Time for the real job: issues dataframe initialisation, and filling with data.

In [9]:
# initialise the issues dataframe
col_names = [
    "epic_id",
    "issue_id",
    "title",
    "labels",
    "issue_type",
    "state",
    "created_at",
    "events",
    "new_issues",
    "tech_debt",
    "spike",
    "in_analysis",
    "ready_to_pick",
    "in_progress",
    "sign_off",
    "tech_debt_fd",
    "spike_fd",
    "in_analysis_fd",
    "ready_to_pick_fd",
    "in_progress_fd",
    "sign_off_fd",
    "done_fd",
]
df_issues = pd.DataFrame([], columns=col_names)

In [10]:
# NOTE: THIS CELL'S EXECUTION CAN TAKE A WHILE (minutes) DUE TO API LIMIT SLEEPING!!!!

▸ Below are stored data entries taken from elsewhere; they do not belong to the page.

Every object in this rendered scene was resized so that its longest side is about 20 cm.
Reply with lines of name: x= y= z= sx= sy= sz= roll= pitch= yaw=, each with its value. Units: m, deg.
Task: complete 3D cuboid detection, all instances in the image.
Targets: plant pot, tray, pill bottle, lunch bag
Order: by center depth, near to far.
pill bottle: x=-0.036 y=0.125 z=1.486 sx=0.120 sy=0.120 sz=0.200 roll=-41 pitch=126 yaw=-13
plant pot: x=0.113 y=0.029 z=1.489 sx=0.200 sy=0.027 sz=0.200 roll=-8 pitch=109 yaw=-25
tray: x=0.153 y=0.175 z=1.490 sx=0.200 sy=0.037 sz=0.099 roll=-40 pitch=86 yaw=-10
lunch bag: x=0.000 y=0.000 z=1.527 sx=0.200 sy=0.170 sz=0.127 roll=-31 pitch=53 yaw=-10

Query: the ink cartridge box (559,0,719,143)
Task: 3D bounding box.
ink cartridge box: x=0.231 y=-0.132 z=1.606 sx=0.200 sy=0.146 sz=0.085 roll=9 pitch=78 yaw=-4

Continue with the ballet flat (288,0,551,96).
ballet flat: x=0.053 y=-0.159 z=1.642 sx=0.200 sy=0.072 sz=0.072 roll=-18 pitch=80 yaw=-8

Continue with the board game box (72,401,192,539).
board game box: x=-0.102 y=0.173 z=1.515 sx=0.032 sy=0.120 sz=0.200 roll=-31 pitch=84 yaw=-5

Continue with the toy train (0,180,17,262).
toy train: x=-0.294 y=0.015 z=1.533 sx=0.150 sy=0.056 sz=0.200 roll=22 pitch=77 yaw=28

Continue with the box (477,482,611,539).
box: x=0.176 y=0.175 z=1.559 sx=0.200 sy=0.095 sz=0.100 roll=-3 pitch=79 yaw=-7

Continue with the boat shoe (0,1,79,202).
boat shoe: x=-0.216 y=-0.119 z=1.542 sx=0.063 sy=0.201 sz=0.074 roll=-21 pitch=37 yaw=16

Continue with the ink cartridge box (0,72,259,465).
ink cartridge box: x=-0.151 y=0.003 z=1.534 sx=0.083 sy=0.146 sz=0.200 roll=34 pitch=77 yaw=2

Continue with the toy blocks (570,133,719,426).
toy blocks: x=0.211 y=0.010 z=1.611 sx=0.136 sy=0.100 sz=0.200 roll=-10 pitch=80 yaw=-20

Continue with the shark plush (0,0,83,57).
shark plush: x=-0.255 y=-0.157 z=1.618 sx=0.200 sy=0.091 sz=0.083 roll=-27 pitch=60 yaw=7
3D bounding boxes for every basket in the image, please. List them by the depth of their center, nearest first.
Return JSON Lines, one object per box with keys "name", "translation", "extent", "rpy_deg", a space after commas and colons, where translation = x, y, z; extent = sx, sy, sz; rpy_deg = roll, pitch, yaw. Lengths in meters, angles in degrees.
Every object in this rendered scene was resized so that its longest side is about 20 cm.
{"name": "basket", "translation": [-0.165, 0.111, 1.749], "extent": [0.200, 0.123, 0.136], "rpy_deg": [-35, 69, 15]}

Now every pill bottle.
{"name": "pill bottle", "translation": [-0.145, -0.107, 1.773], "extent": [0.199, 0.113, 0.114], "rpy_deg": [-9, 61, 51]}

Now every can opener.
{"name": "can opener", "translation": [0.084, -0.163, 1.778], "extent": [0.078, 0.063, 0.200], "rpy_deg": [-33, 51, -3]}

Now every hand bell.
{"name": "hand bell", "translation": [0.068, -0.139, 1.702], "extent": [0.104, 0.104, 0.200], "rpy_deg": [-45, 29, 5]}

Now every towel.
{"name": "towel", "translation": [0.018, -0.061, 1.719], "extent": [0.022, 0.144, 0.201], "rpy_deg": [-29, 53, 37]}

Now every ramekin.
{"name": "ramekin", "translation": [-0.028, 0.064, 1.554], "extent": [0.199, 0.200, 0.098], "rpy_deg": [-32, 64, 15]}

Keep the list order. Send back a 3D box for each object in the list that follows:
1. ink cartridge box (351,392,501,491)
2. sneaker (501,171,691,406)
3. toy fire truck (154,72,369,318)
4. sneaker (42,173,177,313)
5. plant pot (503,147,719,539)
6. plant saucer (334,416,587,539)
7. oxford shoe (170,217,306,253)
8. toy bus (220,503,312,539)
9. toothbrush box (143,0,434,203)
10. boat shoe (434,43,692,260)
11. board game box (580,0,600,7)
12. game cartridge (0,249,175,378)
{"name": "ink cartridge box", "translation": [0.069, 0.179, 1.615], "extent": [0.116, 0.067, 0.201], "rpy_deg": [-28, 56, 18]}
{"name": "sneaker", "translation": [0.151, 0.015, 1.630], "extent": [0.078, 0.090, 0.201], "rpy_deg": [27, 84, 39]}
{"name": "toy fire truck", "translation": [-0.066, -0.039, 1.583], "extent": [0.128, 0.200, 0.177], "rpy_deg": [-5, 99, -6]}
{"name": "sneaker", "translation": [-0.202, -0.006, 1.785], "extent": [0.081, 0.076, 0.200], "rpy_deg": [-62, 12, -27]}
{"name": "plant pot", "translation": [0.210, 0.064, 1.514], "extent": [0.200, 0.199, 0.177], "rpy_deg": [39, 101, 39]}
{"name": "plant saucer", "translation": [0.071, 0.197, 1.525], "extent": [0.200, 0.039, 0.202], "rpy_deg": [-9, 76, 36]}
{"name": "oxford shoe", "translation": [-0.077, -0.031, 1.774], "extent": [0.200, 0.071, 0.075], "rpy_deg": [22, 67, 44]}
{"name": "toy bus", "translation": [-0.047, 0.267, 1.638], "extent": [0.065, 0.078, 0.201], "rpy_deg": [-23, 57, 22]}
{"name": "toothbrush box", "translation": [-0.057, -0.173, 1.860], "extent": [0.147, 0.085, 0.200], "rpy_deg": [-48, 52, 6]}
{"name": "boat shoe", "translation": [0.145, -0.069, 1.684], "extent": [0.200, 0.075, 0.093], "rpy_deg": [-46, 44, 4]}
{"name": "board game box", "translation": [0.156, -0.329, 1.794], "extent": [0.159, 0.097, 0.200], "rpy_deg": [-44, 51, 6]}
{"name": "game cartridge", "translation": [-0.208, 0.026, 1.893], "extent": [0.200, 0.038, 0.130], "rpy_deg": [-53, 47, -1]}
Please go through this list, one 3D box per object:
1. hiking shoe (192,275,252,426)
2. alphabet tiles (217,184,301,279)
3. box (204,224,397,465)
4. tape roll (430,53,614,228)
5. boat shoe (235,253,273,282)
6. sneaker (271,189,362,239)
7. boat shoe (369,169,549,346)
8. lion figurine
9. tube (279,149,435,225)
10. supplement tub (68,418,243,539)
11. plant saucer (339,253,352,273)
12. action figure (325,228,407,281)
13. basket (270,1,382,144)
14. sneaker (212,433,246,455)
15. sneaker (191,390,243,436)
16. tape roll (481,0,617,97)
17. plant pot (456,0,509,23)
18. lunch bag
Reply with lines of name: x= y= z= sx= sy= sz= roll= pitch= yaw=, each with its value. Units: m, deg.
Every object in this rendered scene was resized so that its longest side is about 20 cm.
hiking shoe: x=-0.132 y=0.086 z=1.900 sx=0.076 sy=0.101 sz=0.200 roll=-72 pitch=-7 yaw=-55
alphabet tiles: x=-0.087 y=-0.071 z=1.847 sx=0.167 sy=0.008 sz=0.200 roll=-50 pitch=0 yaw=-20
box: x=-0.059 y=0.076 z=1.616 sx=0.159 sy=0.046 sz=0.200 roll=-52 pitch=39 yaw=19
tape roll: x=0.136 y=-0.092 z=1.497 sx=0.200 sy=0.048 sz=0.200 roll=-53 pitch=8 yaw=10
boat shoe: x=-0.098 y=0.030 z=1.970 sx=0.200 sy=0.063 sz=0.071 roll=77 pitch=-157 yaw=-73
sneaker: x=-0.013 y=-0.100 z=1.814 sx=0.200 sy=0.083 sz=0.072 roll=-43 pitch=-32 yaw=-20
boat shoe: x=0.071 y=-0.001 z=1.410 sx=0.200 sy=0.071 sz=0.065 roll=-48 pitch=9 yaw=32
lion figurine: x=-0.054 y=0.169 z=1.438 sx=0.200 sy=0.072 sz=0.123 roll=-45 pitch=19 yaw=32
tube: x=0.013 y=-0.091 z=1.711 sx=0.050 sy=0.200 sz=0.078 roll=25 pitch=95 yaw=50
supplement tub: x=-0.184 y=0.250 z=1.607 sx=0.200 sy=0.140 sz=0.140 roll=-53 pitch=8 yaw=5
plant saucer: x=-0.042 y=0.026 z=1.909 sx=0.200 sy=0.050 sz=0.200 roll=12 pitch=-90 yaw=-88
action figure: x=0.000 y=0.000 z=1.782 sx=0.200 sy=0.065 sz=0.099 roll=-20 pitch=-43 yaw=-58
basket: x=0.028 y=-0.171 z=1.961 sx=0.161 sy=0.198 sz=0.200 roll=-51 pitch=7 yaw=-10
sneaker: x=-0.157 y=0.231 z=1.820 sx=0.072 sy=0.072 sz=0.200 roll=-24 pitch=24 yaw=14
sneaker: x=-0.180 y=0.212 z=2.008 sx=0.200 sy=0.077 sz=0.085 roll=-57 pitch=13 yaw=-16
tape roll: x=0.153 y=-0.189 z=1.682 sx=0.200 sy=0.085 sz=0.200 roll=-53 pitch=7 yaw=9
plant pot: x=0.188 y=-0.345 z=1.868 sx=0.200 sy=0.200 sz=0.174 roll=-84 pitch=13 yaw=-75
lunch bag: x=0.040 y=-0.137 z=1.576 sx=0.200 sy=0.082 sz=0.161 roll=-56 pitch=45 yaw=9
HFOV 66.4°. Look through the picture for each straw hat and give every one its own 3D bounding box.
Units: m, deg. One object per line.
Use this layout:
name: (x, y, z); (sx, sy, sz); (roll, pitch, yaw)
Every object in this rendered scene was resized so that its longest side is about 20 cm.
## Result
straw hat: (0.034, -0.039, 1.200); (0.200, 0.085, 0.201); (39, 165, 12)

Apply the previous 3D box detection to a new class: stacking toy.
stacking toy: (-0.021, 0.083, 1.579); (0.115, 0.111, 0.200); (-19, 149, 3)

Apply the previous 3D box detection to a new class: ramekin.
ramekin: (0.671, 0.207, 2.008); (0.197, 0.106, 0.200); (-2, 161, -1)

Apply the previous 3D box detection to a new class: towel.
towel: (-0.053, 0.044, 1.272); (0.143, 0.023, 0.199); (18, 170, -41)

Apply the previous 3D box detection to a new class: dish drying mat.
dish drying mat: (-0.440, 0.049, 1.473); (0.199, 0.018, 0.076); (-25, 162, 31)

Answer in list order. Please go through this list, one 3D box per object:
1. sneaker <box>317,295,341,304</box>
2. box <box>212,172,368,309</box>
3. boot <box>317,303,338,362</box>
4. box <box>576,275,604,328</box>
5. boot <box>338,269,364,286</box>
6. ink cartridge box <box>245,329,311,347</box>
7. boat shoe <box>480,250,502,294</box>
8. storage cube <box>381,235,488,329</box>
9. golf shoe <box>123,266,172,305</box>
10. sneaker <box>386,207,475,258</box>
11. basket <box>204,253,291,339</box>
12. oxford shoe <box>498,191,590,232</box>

# all functions are defined and initialisations made
# now we will get all issues on our github repo by pagination
page_number = 1
issues_json = get_all_issues(page_number)

# continue since next page of API response is empty!
while len(issues_json) > 0:

    ## loop on issues at a response
    for issue in issues_json:

        # get issue parameters
        issue_id = str(issue["number"])
        created_at = datetime.datetime.strptime(
            issue["created_at"], "%Y-%m-%dT%H:%M:%SZ"
        ).date()
        state = issue["state"]
        title = issue["title"]
        labels, issue_type = get_issue_labels_and_type(issue["labels"])

        # get events json and events data frame of issue
        events_json = get_issue_events_json(issue_id)
        df_events = get_event_df(events_json)

        # get delta calculations
        (
            new_issues,
            tech_debt,
            spike,
            in_analysis,
            ready_to_pick,
            in_progress,
            sign_off,
        ) = calculate_time_spent_per_column(df_events, created_at)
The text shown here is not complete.